Provide a Consistent Error Response Format

Error responses should follow a predictable and standardized structure:

{
  "error": {
    "code": 400,
    "message": "Invalid request payload",
    "details": [
      {
        "field": "email",
        "message": "Email is required"
      },
      {
        "field": "password",
        "message": "Password must be at least 8 characters"
      }
    ]
  }
}

• Fields in the Error Response:
  • code: The HTTP status code of the error.
  • message: A human-readable description of the error.
  • details: (Optional) An array of specific issues for granular feedback.

Differentiate Between Client and Server Errors

• Client errors (4xx) should indicate that the problem lies with the request.
• Server errors (5xx) should indicate that the issue is on the server-side.

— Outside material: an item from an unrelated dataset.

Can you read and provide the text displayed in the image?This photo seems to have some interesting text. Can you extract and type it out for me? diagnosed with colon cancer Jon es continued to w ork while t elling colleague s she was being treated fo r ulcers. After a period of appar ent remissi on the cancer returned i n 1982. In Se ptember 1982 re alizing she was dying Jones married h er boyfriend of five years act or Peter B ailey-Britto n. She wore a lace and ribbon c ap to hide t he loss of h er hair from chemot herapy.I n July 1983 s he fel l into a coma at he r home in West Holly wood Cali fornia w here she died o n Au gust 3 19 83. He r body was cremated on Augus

Avoid Exposing Internal Details

• Do Not: Leak stack traces, database errors, or sensitive configurations.
• Do: Use generic messages like "An internal error occurred. Please try again later."

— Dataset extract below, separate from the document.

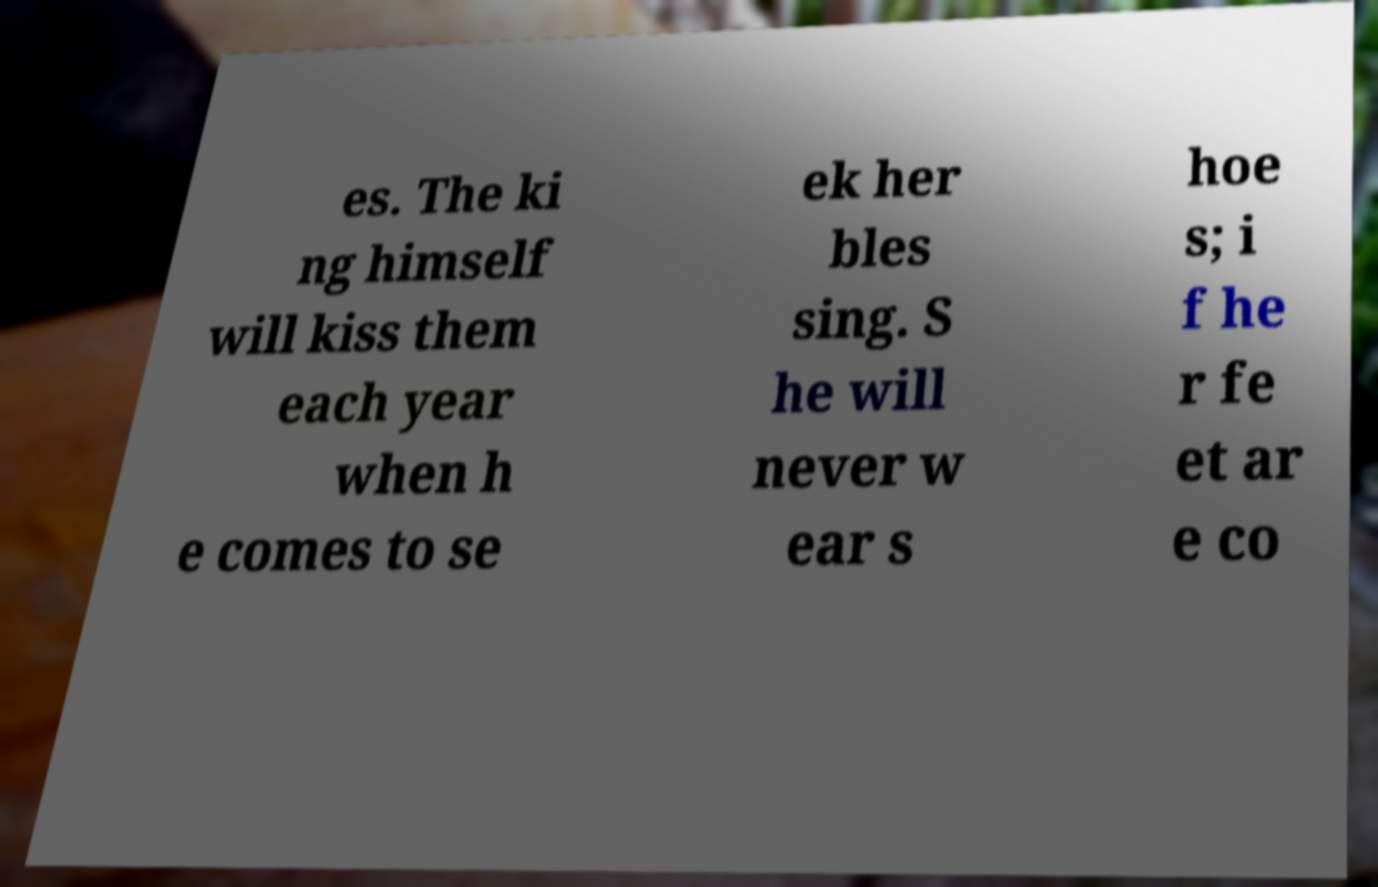Could you assist in decoding the text presented in this image and type it out clearly? es. The ki ng himself will kiss them each year when h e comes to se ek her bles sing. S he will never w ear s hoe s; i f he r fe et ar e co

Include Error Codes for Machine Parsing

• Use error codes for programmatic identification and handling.

  {
    "error": {
        "code": 400,
        "errorCode": "INVALID_INPUT",
        "message": "The 'email' field is required."
    }
  }
  

Common Scenarios and How to Handle Them

Validation Errors

• Use Case: Invalid input data.
• HTTP Code: 400 Bad Request
• Response:

  {
    "error": {
        "code": 400,
        "message": "Invalid input data",
        "details": [
            { "field": "email", "message": "Email is required" },
            { "field": "password", "message": "Password is too short" }
        ]
    }
  }
  

Authentication Errors

• Use Case: Missing or invalid authentication credentials.
• HTTP Code:
  • 401 Unauthorized for authentication issues.
  • 403 Forbidden for permission issues.
• Response:

  {
    "error": {
        "code": 401,
        "message": "Authentication failed. Token is invalid or expired."
    }
  }
  

Resource Not Found

• Use Case: The requested resource does not exist.
• HTTP Code: 404 Not Found
• Response:

  {
    "error": {
        "code": 404,
        "message": "Resource not found: User with ID 123 does not exist."
    }
  }
  

Conflict Errors

• Use Case: State conflicts, such as duplicate data or resource locking.
• HTTP Code: 409 Conflict
• Response:

  {
    "error": {
        "code": 409,
        "message": "A user with this email address already exists."
    }
  }
  

Rate Limiting

• Use Case: Too many requests from a client.
• HTTP Code: 429 Too Many Requests
• Response:

  {
    "error": {
        "code": 429,
        "message": "Too many requests. Please try again later."
    }
  }
  

Internal Server Errors

• Use Case: Unexpected issues on the server.
• HTTP Code: 500 Internal Server Error
• Response:

  {
    "error": {
        "code": 500,
        "message": "An internal server error occurred. Please contact support."
    }
  }
  

Advanced Error Handling Techniques

Error Localization

• Include localized messages for multi-language support.

  {
    "error": {
        "code": 400,
        "message": "Invalid input data",
        "localizedMessage": {
            "en": "Invalid input data",
            "es": "Datos de entrada no válidos"
        }
    }
  }
  

Correlation IDs

• Include a unique identifier for debugging server-side errors

  {
    "error": {
        "code": 500,
        "message": "An internal server error occurred.",
        "correlationId": "1234567890"
    }
  }
  

Error Logging and Monitoring

• Log errors with detailed context for debugging.
• Use monitoring tools like Sentry or Datadog to track error trends.

Common Pitfalls

1. Generic Error Messages: Avoid vague messages like "Something went wrong." Be specific and actionable.
2. Inconsistent Error Structures: Ensure all endpoints return errors in the same format.
3. Overexposing Sensitive Data: Do not include internal stack traces, or database details in error messages.